But that's not how life works.  You don't get allocated your certain amount of pain and then people suddenly care about you.  Instead people just sometimes feel pain.  They have mental illnesses, bad things happen in their past.  And they still need to be decent people.  And people will help you, but you can't ignore hands reaching out to stop you from drowning because you aren't sure you can stand on the shore when they pull you out.  At least, I can't do that anymore.
I will in no way pretend to have pulled myself out.  I haven't.  I have been supported countless times by an incredibly loving boyfriend and friends who have supported me, even when I have isolated them.  And I have been getting other help from a counselor, with the support of my family.  I cannot credit this to me.  But I am trying to take the hands around me.  And I am trying to stop with the excuses and I am trying to stop seeking only what is safe and familiar.

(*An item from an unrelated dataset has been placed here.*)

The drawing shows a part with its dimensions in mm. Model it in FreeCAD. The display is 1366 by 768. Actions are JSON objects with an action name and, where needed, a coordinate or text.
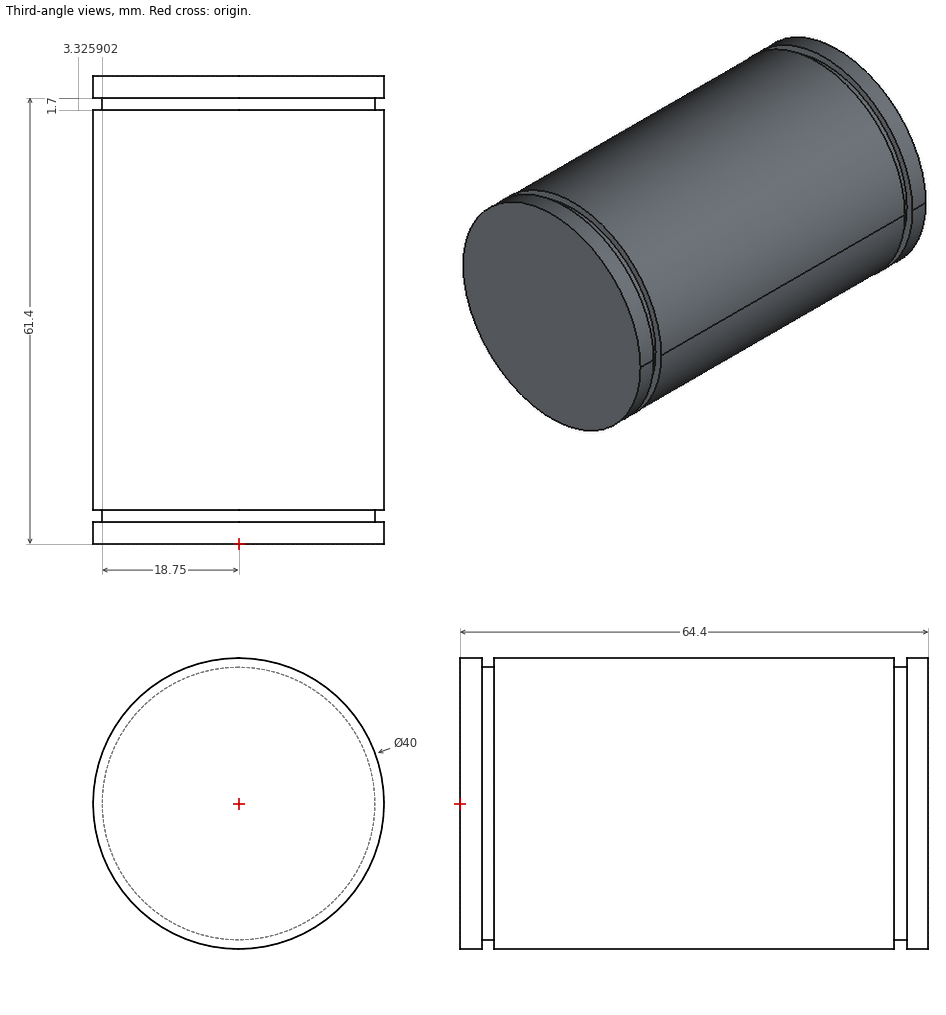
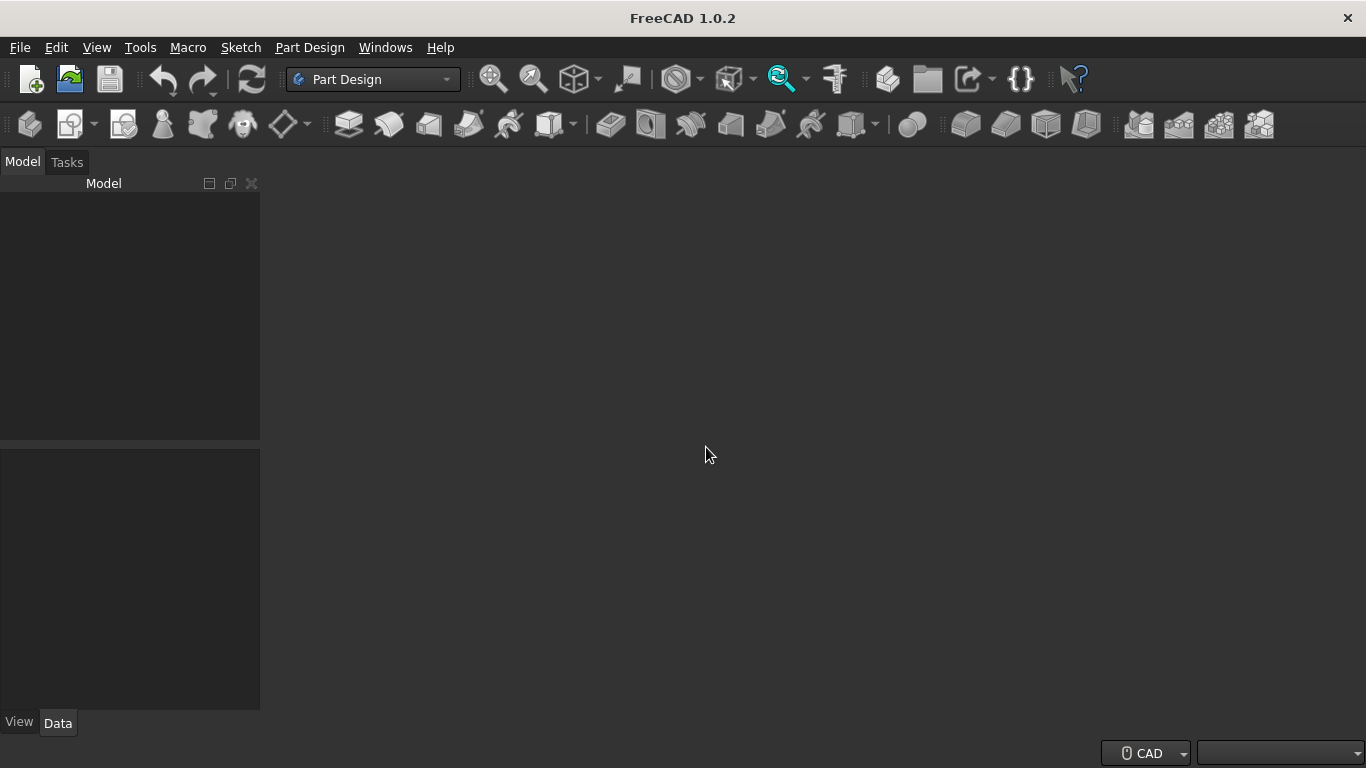
{"action": "left_click", "coordinate": [30, 80]}

And I don't know if I am at all succeeding.  Because at the core there is still that person who doesn't want to face up to the reality of my mental illness and to a lot of the memories that tend to trap me.  And  inside, I still am, in a lot of ways dependent on those around me to do more saving then they should ever have to do.  And I am sorry for that.  I will keep trying.
There's my explanation.  There's last year, last summer.  I know this isn't what I used to write.  I'm still compelled to end them hopefully though, so if it's any comfort to the reader, not all of the hope is because I can't end my posts negatively.  Enough of it is real.